Benefits associated with the stalk of Gallionella ferruginea, evaluated by comparison of a stalk-forming and a non-stalk-forming strain and biofilm studies in situ.

Factors that regulate and induce stalk formation by the iron-oxidizing and stalk-forming bacterium Gallionella ferruginea were studied in laboratory cultures and in situ. A stalk-forming strain, Sta(+), and a non-stalk-forming strain, Sta(-), were used for comparative studies of the benefits associated with the stalk.
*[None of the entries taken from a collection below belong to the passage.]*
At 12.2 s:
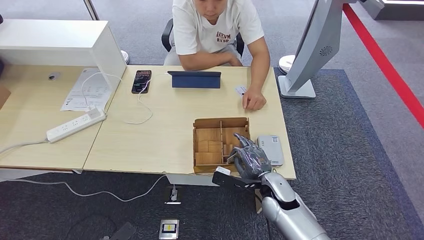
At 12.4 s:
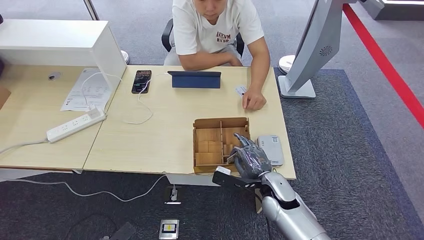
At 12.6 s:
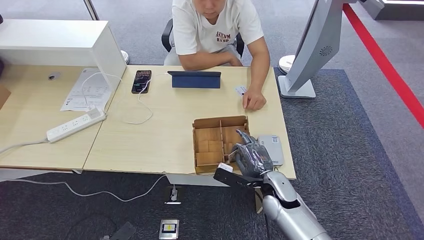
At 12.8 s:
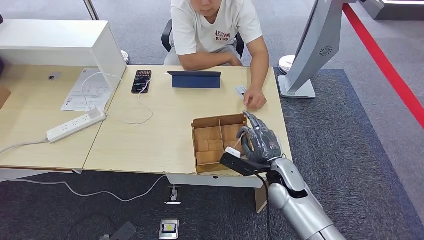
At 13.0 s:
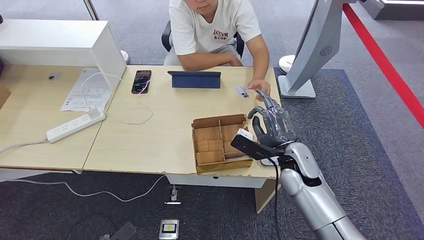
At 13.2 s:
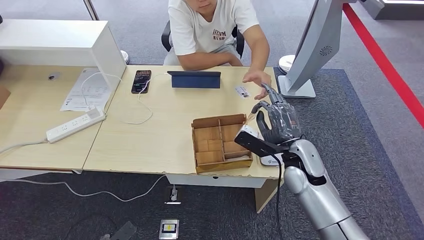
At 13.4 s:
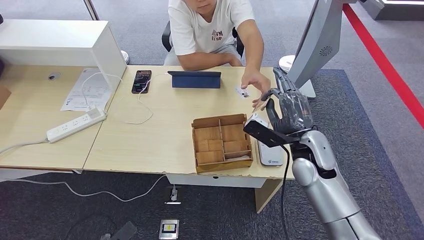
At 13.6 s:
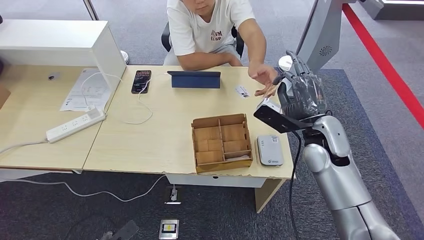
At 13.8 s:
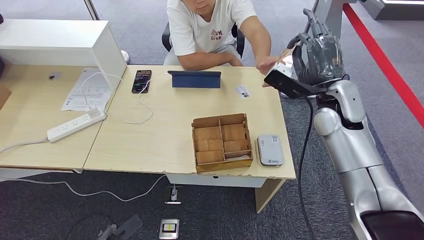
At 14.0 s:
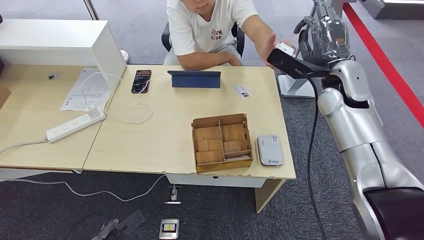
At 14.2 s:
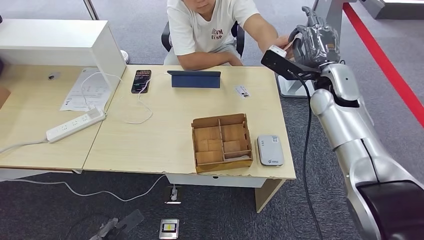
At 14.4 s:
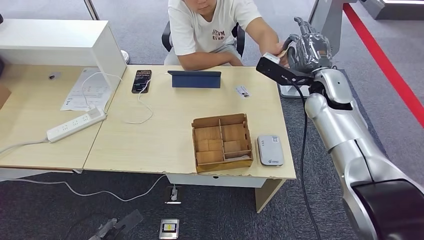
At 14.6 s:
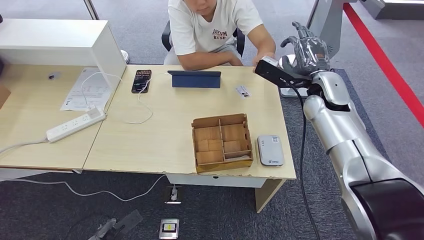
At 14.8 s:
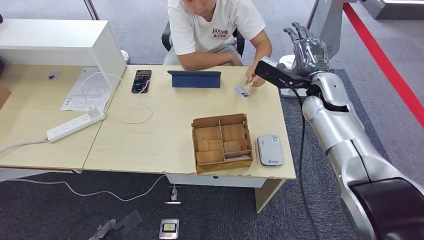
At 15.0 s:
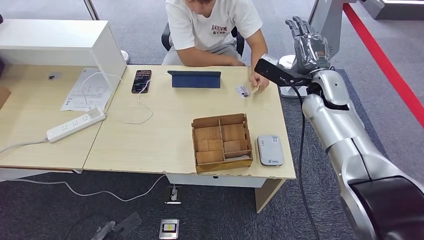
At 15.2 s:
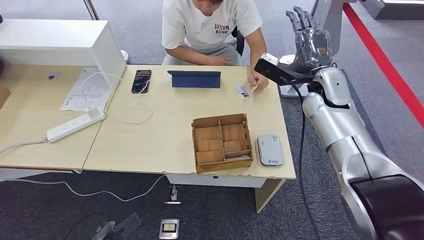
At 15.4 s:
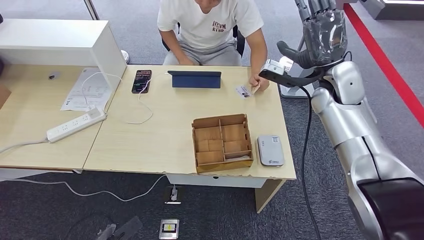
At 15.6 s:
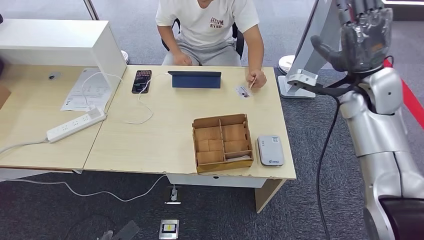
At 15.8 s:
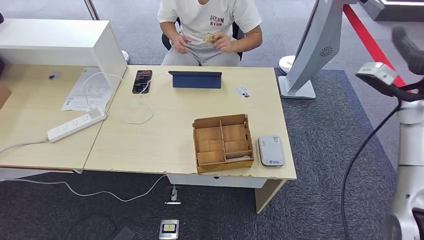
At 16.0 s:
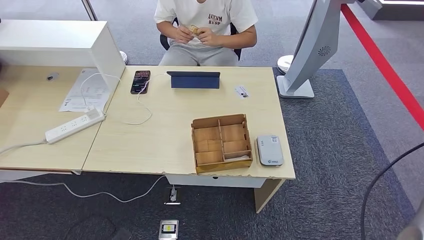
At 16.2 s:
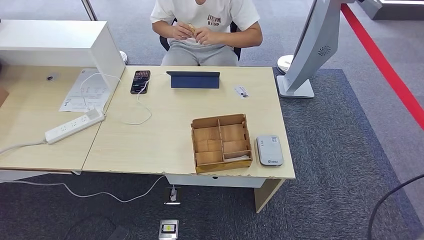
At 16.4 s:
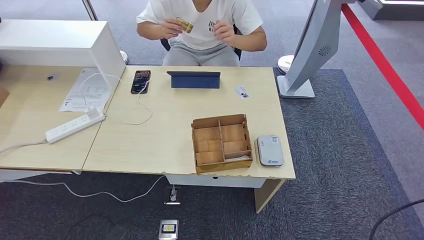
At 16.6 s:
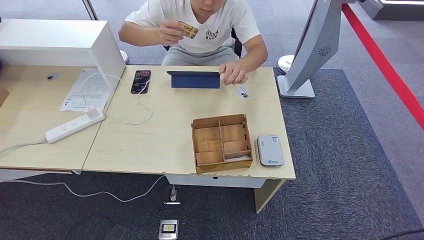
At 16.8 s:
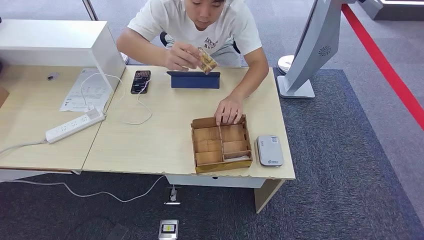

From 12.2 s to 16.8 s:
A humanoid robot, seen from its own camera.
Step, from 13.8 s to 16.8 s: Hand the room key to the person.
From 12.2 s to 13.8 s: The right hand shifts about 25 cm upward and forward.
From 13.8 s to 15.2 s: The hands make only small movements.

Two different growth media were used: a ferrous sulfide medium (FS-medium), with slow oxidation of iron giving high concentrations of toxic oxygen radicals and a ferrous carbonate medium (FC-medium), with fast iron oxidation giving low concentration of the toxic oxygen radicals. It was found that Sta(+) cells grown in the FS-medium survived 3 weeks longer than Sta(-) cells grown in the FS-medium. When each strain was grown in the FC-medium, the Sta(-) cells had an advantage and survived 8 weeks longer than the Sta(+) cells. No difference in survival was found for Sta(+) cells grown in FS-medium compared to growth in FC-medium. In laboratory cultures, the average stalk length per cell values were 7-2.5 times higher (92 h and 150-300 h growth, respectively) in a medium with 620 μM iron than in a medium with 290 μM iron. Gallionella ferruginea Sta(+) outcompeted Sta(-) cells when inoculated as mixed populations in FC-medium. It has previously been suggested that stalk formation in vitro is induced by oxygen. To confirm this observation, biofilm development in natural waters was studied in two wells, one with trace amounts of oxygen (LH) and one without (TH). A dense biofilm developed on surfaces exposed to flowing well LH water, but no biofilm developed in well TH. Stalks were formed in water samples from both wells when allowed to make contact with air. This work demonstrates for the first time that the stalk has a protecting function against the toxic oxygen radicals formed during the chemical iron oxidation. It also shows that it is the oxidation rate of the ferrous iron and not its concentration that is harmful to the cells. The stalk gives G. ferruginea a unique possibility to colonize and survive in habitats with high contents of iron, inaccessible for bacteria without a defense system against the oxidation of iron.